Let $F$ be a continuous distribution function on $\mathbb{R}$, with its (generalized) inverse function $$F^{-1}(u) = \inf\{x: F(x) = u, 0 < u < 1\}$$ Prove the following statements:
a.) If $U$ is uniform random variable on $(0,1)$, then $F^{-1}(U)$ has distribution function $F$.
b.) If $X$ has distribution function $F$, then $F(X)$ is uniformly distributed on $(0,1)$.
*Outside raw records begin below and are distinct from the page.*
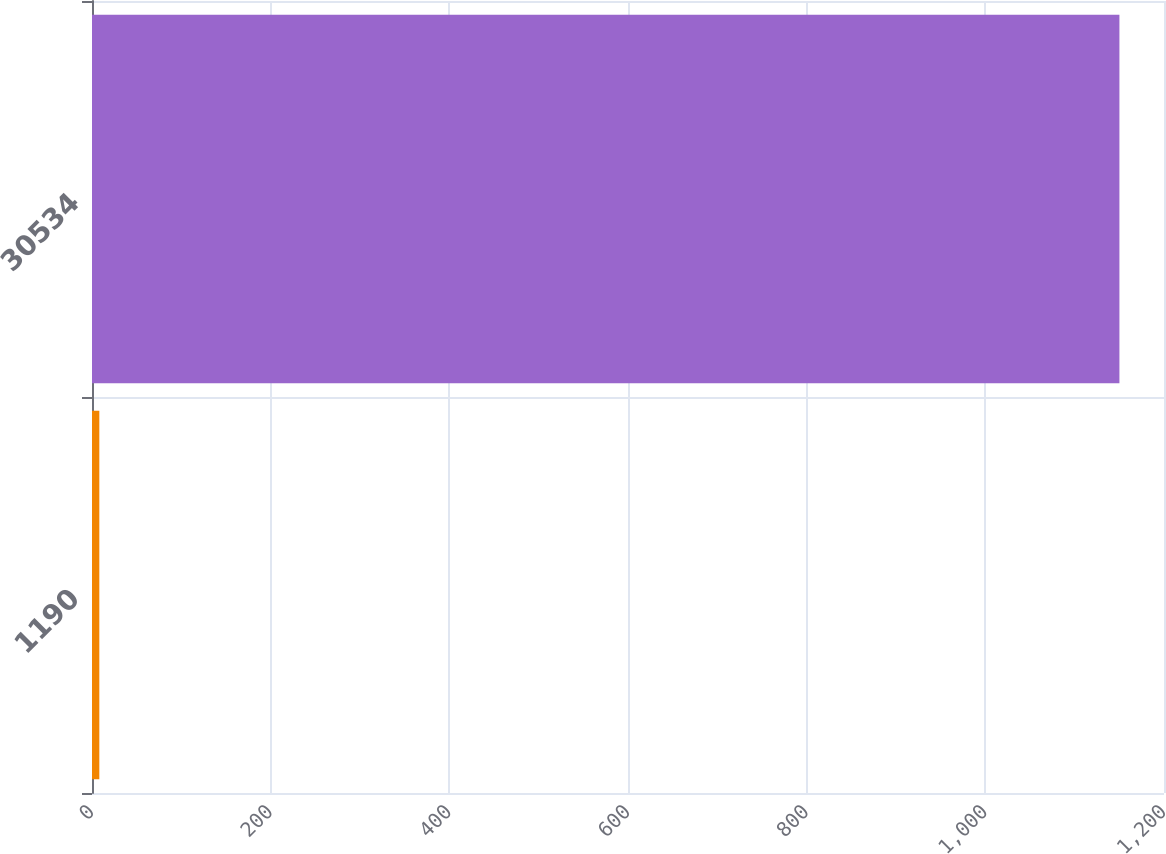Convert chart. <chart><loc_0><loc_0><loc_500><loc_500><bar_chart><fcel>1190<fcel>30534<nl><fcel>8.2<fcel>1150.1<nl></chart> 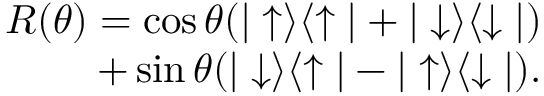Convert formula to latex. <formula><loc_0><loc_0><loc_500><loc_500>\begin{array} { r } { R ( \theta ) = \cos { \theta } ( | \uparrow \rangle \langle \uparrow | + | \downarrow \rangle \langle \downarrow | ) } \\ { + \sin { \theta } ( | \downarrow \rangle \langle \uparrow | - | \uparrow \rangle \langle \downarrow | ) . } \end{array}</formula> 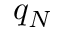<formula> <loc_0><loc_0><loc_500><loc_500>q _ { N }</formula> 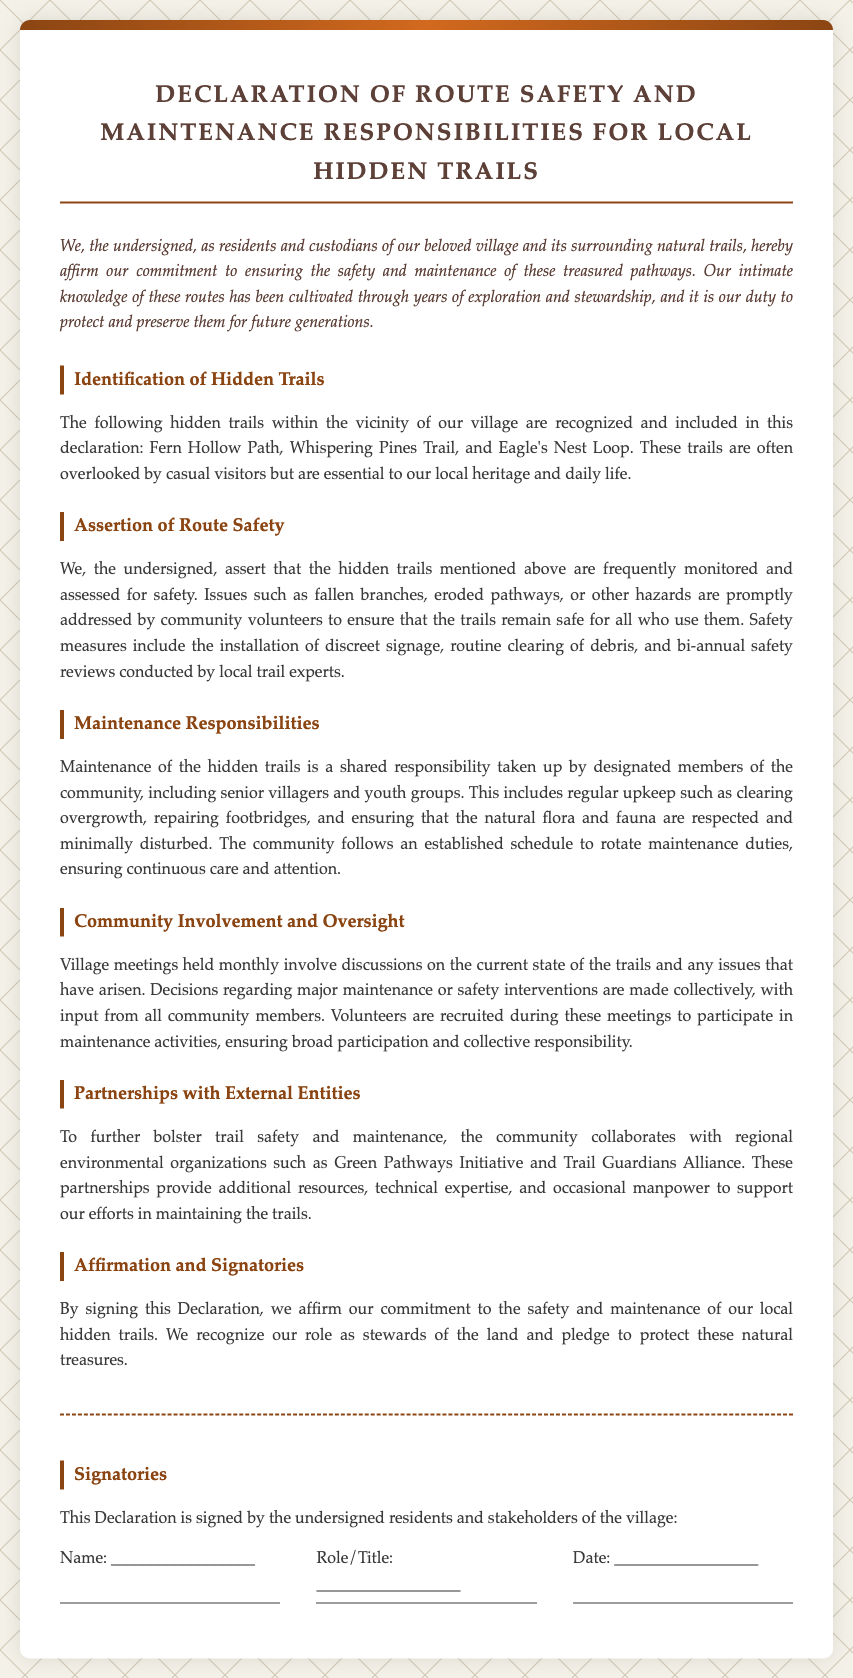What are the names of the hidden trails? The document lists the hidden trails that are included in the declaration, which are Fern Hollow Path, Whispering Pines Trail, and Eagle's Nest Loop.
Answer: Fern Hollow Path, Whispering Pines Trail, Eagle's Nest Loop How often are safety reviews conducted? The document states that safety reviews are conducted bi-annually to ensure the trails' safety.
Answer: Bi-annual Who participates in the maintenance duties? The document specifies that maintenance responsibilities are taken up by designated community members, including senior villagers and youth groups.
Answer: Senior villagers and youth groups What organizations partner with the community for trail maintenance? The document mentions two organizations that collaborate with the community: Green Pathways Initiative and Trail Guardians Alliance.
Answer: Green Pathways Initiative, Trail Guardians Alliance What is the purpose of the declaration? The declaration aims to affirm the community's commitment to the safety and maintenance of local hidden trails, highlighting their role as stewards of the land.
Answer: To affirm commitment to safety and maintenance How often are village meetings held? The document indicates that village meetings are held monthly to discuss the trails' state and maintenance issues.
Answer: Monthly 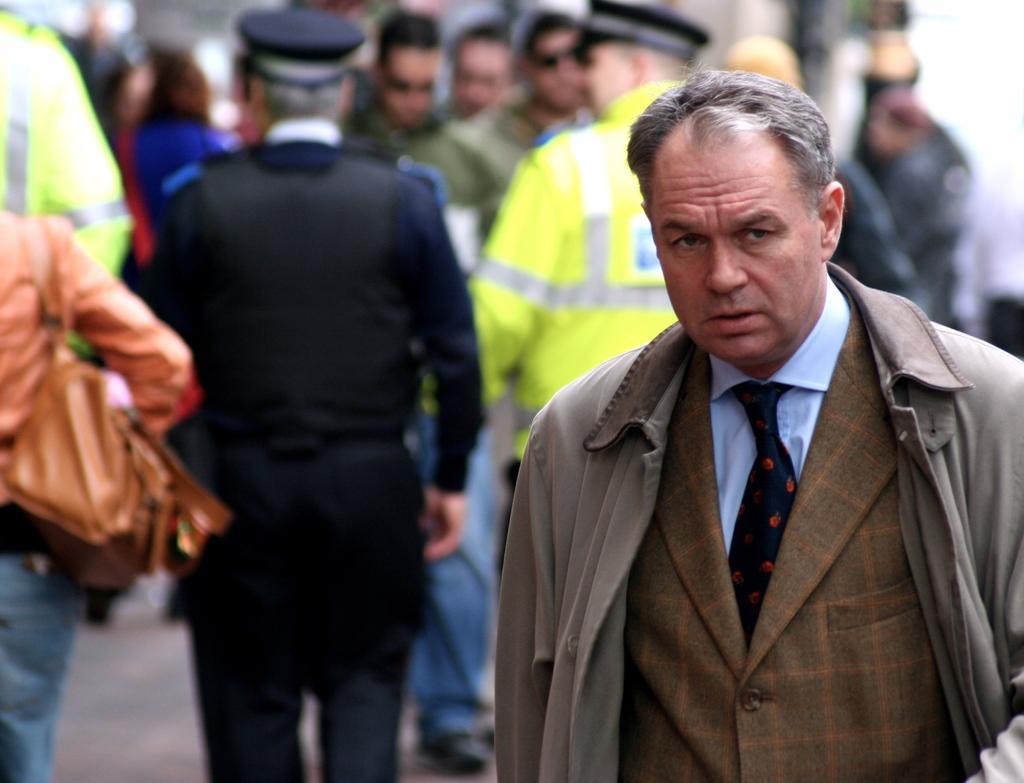Describe this image in one or two sentences. In this image, I can see a man standing. In the background, there are group of people standing. 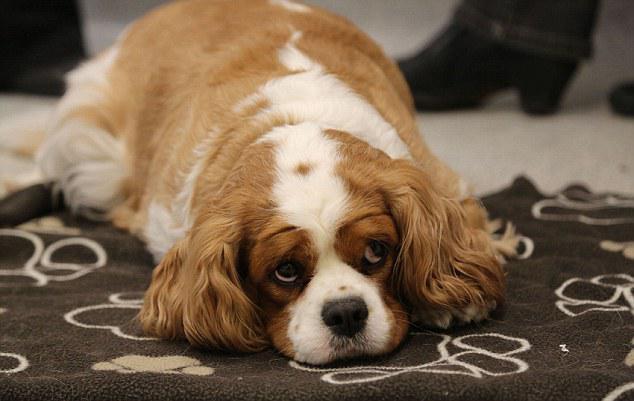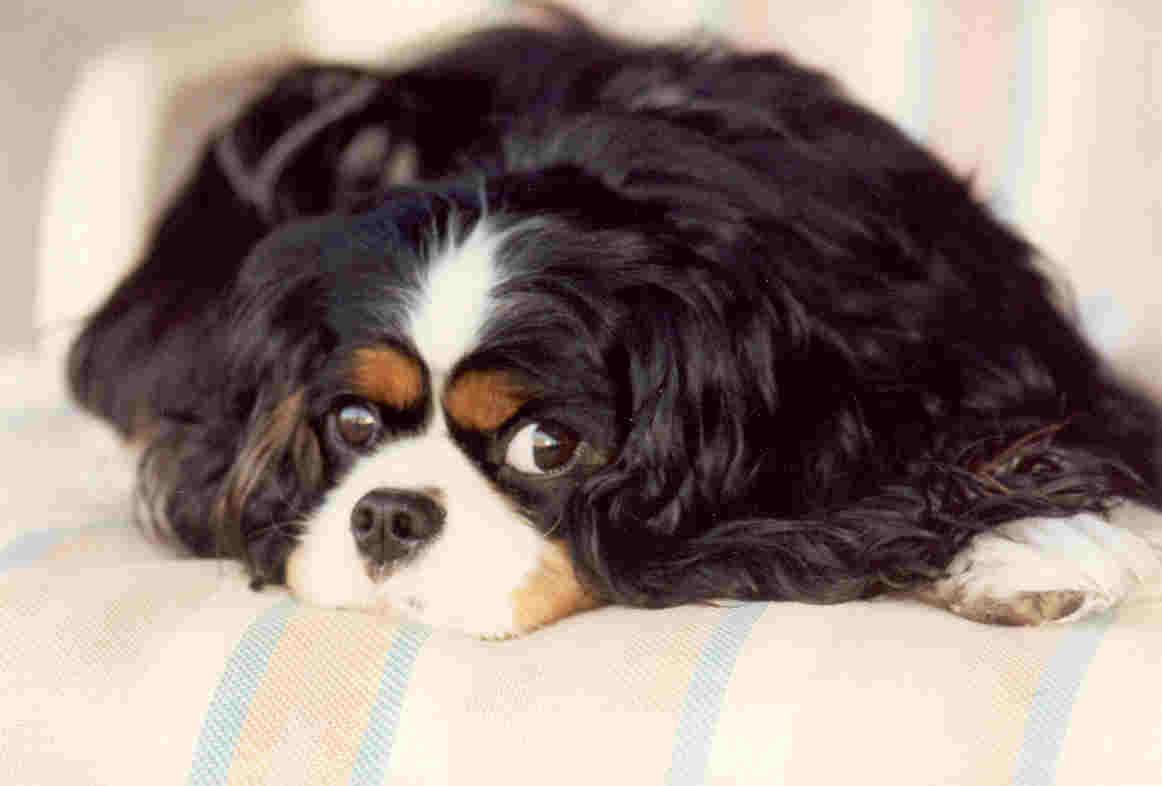The first image is the image on the left, the second image is the image on the right. For the images displayed, is the sentence "One image contains a brown-and-white spaniel next to a dog with darker markings, and the other image contains only one brown-and-white spaniel." factually correct? Answer yes or no. No. The first image is the image on the left, the second image is the image on the right. Examine the images to the left and right. Is the description "There are exactly two dogs in the left image." accurate? Answer yes or no. No.

I normally do not post a question without an attempted solution but I am a bit lost here, I don't really understand what is being asked to prove. Any suggestions or comments are greatly appreciated.
EDIT:
Attempted proof a.) Suppose $U\sim U(0,1)$, then
\begin{align*} \mathbb{P}(F^{-1}(U)\leq x) &= \mathbb{P}(U\leq F(x))\\ &= \int_{0}^{F(x)}du\\ &= F(x)\\ \end{align*} Not sure if this is correct or not but thats what I was thinking a.) wanted me to prove
The property in b) is called probability integral transform. The proof is relatively straightforward using the cdf method.
Let $X$ be continuous r.v. with cdf $F_{X}$, then $Y=F_{X}(X)\sim\mathcal{U}[0,1]$. In fact, $F_{Y}(y)=\mathbb{P}[F_{X}(X)\leq y]=\mathbb{P}[X\leq F_{X}^{-1}(y)]=F_{X}(F_{X}^{-1}(y))=y$.